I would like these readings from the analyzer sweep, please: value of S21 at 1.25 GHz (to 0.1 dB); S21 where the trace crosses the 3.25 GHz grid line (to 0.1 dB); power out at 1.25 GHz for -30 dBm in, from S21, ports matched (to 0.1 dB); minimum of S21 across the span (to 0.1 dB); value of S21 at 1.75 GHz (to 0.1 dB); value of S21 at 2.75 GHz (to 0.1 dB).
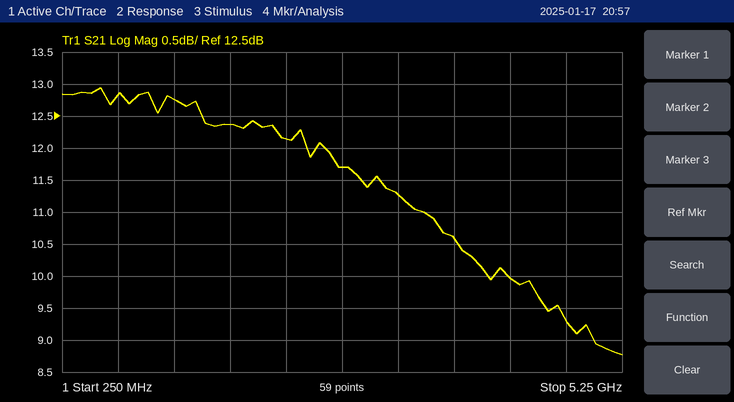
12.8 dB
11.3 dB
-17.2 dBm
8.8 dB
12.4 dB
11.7 dB
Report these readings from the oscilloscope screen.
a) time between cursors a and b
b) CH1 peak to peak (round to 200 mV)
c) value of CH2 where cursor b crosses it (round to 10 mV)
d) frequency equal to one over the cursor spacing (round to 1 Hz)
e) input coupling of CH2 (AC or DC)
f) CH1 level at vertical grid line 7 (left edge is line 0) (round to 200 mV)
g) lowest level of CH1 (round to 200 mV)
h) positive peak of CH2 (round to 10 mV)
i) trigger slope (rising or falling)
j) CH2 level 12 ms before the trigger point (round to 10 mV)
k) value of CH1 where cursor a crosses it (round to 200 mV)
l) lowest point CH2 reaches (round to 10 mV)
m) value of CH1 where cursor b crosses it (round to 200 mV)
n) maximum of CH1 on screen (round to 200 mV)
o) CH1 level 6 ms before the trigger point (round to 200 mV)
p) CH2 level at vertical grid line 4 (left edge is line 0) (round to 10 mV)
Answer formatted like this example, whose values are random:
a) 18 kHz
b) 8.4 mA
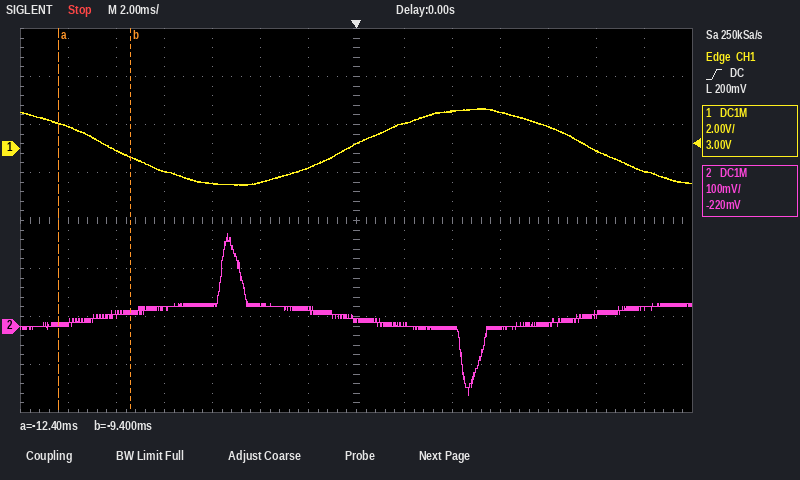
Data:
a) 3.0 ms
b) 3.2 V
c) 30 mV
d) 333 Hz
e) DC
f) 200 mV
g) -1.6 V
h) 190 mV
i) rising
j) 10 mV
k) 1.0 V
l) -140 mV
m) -400 mV
n) 1.6 V
o) -1.4 V
p) 40 mV
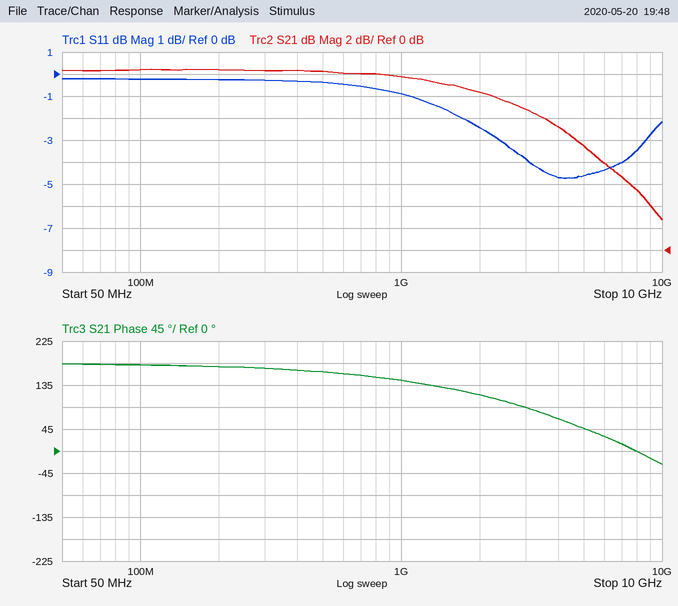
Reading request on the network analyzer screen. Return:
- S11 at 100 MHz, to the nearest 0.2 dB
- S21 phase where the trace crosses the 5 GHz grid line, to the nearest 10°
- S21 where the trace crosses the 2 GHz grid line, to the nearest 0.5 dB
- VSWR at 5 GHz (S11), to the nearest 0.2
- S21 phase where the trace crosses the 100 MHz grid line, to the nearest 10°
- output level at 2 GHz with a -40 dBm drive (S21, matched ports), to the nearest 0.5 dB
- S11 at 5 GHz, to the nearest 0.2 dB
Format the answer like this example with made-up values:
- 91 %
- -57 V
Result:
- -0.2 dB
- 50°
- 14.5 dB
- 3.8
- 180°
- -25.5 dBm
- -4.6 dB
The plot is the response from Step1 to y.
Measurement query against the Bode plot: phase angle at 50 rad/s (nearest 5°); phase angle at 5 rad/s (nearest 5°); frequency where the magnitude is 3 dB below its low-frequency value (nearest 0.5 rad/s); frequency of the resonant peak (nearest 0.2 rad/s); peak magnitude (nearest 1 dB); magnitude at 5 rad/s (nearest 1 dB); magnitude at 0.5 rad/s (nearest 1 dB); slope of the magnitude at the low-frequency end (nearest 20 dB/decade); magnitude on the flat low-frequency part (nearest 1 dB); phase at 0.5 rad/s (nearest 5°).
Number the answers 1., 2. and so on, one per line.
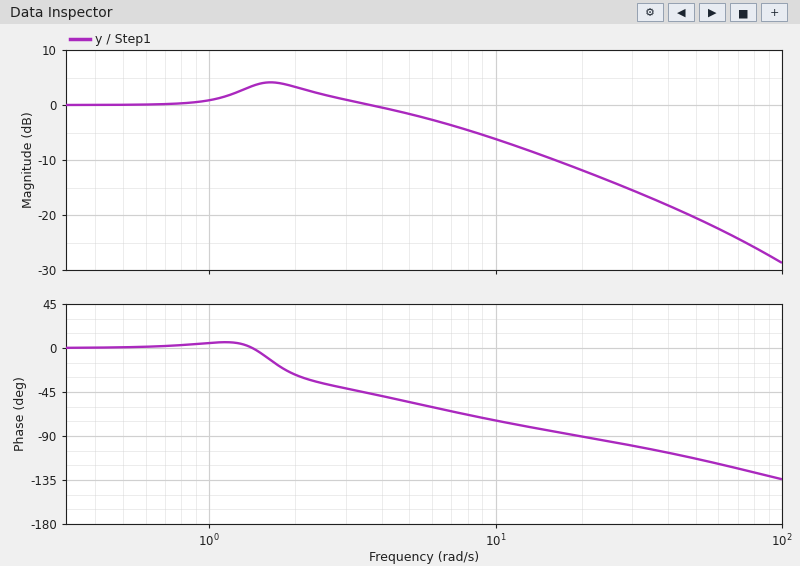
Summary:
1. -115°
2. -55°
3. 6.5 rad/s
4. 1.6 rad/s
5. 4 dB
6. -2 dB
7. 0 dB
8. 0 dB/decade
9. 0 dB
10. 0°
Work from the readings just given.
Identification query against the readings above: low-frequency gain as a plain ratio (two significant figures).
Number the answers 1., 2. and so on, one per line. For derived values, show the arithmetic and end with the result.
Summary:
1. 10^(0 / 20) = 1.0
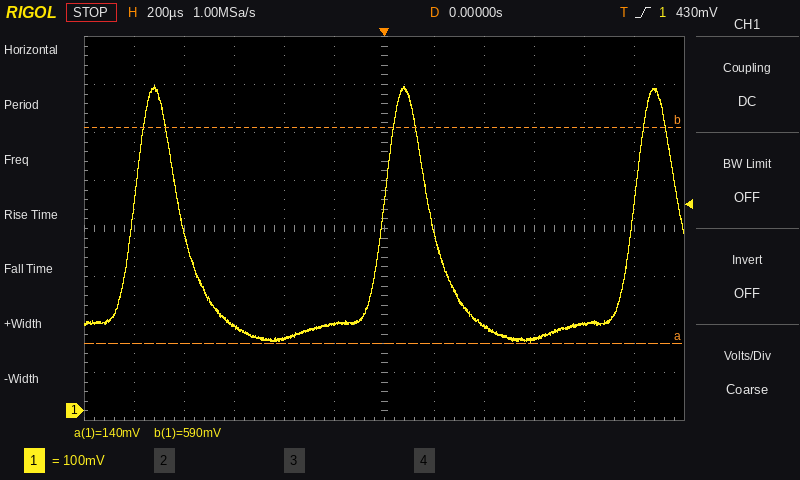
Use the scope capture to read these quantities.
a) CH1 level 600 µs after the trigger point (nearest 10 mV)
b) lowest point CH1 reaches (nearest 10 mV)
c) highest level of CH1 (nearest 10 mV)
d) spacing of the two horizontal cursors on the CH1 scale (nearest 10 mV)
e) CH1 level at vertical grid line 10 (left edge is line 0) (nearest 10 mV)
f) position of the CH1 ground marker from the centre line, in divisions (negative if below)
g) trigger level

150 mV
140 mV
680 mV
450 mV
180 mV
-3.8 div
430 mV
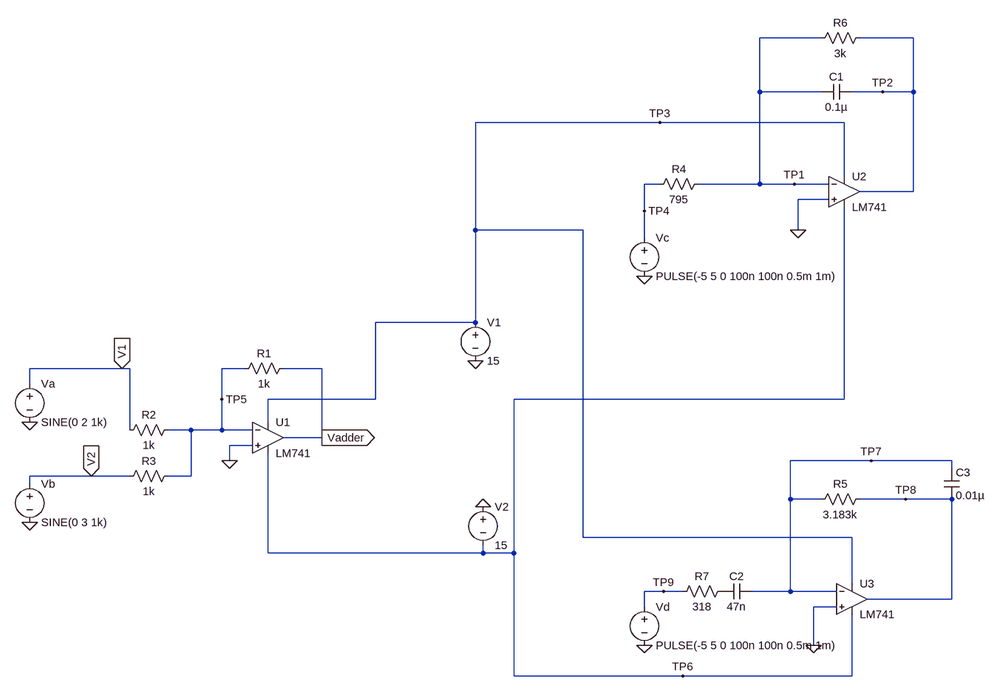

==============================

Exercise prompt: Every line from the one holding "Use the scope" to the last line of the listing above, inclusive, must appear exactly as written, and no picture may appear.

Answer to the exercise:
Use the scope capture to read these quantities.
a) CH1 level 600 µs after the trigger point (nearest 10 mV)
b) lowest point CH1 reaches (nearest 10 mV)
c) highest level of CH1 (nearest 10 mV)
d) spacing of the two horizontal cursors on the CH1 scale (nearest 10 mV)
e) CH1 level at vertical grid line 10 (left edge is line 0) (nearest 10 mV)
f) position of the CH1 ground marker from the centre line, in divisions (negative if below)
g) trigger level

150 mV
140 mV
680 mV
450 mV
180 mV
-3.8 div
430 mV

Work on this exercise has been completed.